Gas distribution manifold

The system provides a facility to blow anoxic gases aseptically through labware, media and containers. If necessary, a Widdel flask may be attached. The system provides six regulated outputs, delivers two different gasses and features a flow-meter. We have successfully developed a protocol for anaerobic media preparation that does not require a Widdel flask.

See the videos below for a walkthrough of a model two Buddy Engineers designed and built for a client at the University of Warwick. Or click here for some photos we took immediately prior to shipping.

Here is latest model featuring a lightweight aluminum framework, ready for shipping to the client:


Pressure vessel

One of our Buddy Engineers describes a pressure vessel manufactured for a client growing Methanococcus maripaludis.

Pressure gauge

The pressure gauge features a diaphragm to protect the sensitive electronics from harmful gasses.

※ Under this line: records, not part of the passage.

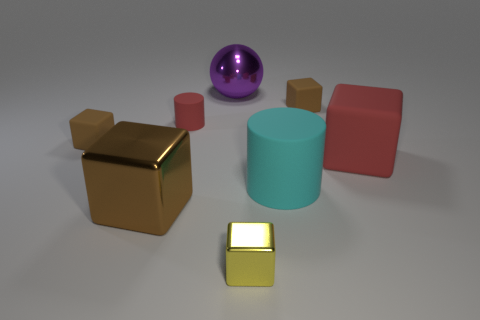What is the size of the red cube?
Offer a terse response. Large. What is the material of the red object that is the same size as the purple ball?
Your answer should be compact. Rubber. There is a matte cylinder that is behind the large cyan matte object; how big is it?
Your answer should be compact. Small. There is a red matte thing to the right of the big sphere; is it the same size as the cylinder to the right of the metallic ball?
Provide a succinct answer. Yes. What number of large purple objects have the same material as the small red cylinder?
Your response must be concise. 0. The large cylinder is what color?
Provide a succinct answer. Cyan. There is a cyan thing; are there any red matte cylinders in front of it?
Provide a succinct answer. No. Do the tiny rubber cylinder and the large matte cube have the same color?
Make the answer very short. Yes. How many metallic balls are the same color as the small cylinder?
Provide a short and direct response. 0. What is the size of the metallic block that is on the left side of the red matte thing that is on the left side of the large red thing?
Offer a very short reply. Large.

Preparation of Anaerobic Culture Media

This is a brief overview of our method for making media to grow anaerobic bacteria. The essential first step is removing oxygen from the media. This is an efficient way to do it without a lot of fuss, and can be done without using a Widdel flask. Our gassing station and anaerobic chamber are already set up.

Place the media in a 70 C water bath, the heat helps displace the oxygen. The hot water bath in this arrangement is on the counter, directly under the gas panel. The custom gas panel has 2 inputs and 6 outputs.

Next take a 0.2 micrometer filter, on the minimal chance that there are any bacteria in the lines of the gas delivery system. The end of the line in our set up is a derived from a tuberculin syringe; these are inexpensive and easy to use. Most filters will set on the end of them quite easily.

Before handling sterile or autoclaved parts, it’s a good idea to wash your gloved hands with ethanol . Next, take a tube that has been autoclaved and connect it to the line through the filter. Then place the other end of the tube into the prepared media that has been in the hot water bath, wrap foil around the juncture, and turn on the gas. Allow the gas to bubble through the media while it sits in the water bath. You can process more than one flask of media at a time because of the design of the gas manifold.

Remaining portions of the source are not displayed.